Alibaba Open Sources Qwen2-VL: Understanding Videos Longer Than 20 Minutes

2024-08-30

Alibaba Cloud, the cloud service and storage department of the e-commerce giant Alibaba, recently launched its latest visual language model Qwen2-VL. The model aims to enhance visual understanding, video analysis, and multilingual text-image processing capabilities.


In third-party benchmark tests, Qwen2-VL has demonstrated outstanding performance comparable to other top models such as Meta's Llama 3.1, OpenAI's GPT-4 (note: GPT-4o in the original text may be a typo), Anthropic's Claude 3 Haiku, and Google's Gemini-1.5 Flash. Users can experience the inference capabilities of this model through the Hugging Face platform.

Highlights of the model:

  • Powerful visual and video analysis capabilities: Qwen2-VL can not only recognize and analyze multilingual handwritten content but also identify, describe, and differentiate multiple objects in static images. It can even analyze video content in near real-time, providing summaries or feedback. In the future, it may be used in real-time operational scenarios such as technical support.
  • Video content understanding: This model can summarize video content, answer related questions, and maintain coherence in real-time conversations. It provides functionality similar to a personal assistant by extracting insights and information directly from video content.
  • Multiple version options: Qwen2-VL offers three versions with different parameter scales, including Qwen2-VL-72B with 72 billion parameters, Qwen2-VL-7B with 7 billion parameters, and Qwen2-VL-2B with 2 billion parameters.

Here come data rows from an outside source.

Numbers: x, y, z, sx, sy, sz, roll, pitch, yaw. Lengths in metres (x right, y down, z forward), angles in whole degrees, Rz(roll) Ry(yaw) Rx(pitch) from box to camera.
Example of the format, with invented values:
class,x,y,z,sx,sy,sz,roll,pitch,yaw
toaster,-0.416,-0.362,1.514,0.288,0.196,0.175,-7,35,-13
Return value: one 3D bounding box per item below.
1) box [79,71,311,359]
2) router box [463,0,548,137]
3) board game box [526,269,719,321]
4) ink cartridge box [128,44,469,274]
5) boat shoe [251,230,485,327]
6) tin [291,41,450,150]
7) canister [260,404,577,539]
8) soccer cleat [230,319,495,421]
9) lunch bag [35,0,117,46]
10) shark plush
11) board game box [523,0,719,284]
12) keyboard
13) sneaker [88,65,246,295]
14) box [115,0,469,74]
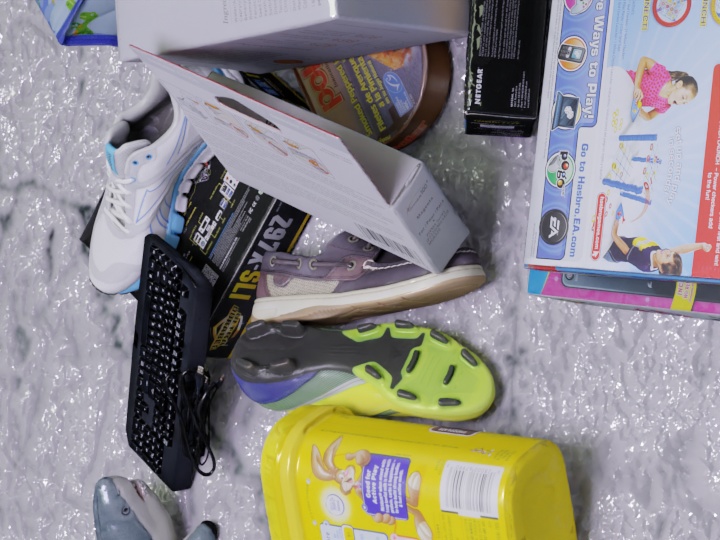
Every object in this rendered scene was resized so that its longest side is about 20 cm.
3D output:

The latter two smaller-scale versions have been open-sourced under the Apache 2.0 license, allowing enterprises to use them for commercial purposes.
  • Function invocation and visual perception: Qwen2-VL supports integration with other third-party software, applications, and tools. It can extract and understand information from these external sources, such as flight status, weather forecasts, or package tracking, and interact in a way that simulates human perception of the world.
  • Architecture optimization: The model adopts multiple architectural improvements, such as Naive Dynamic Resolution, which supports processing images of different resolutions, and the Multimodal Rotary Position Embedding (M-ROPE) system, which enables the model to simultaneously capture and integrate positional information from text, images, and videos.

Currently, the Qwen2-VL model is available for developers and researchers to use, and the team encourages exploration of the potential of these cutting-edge tools.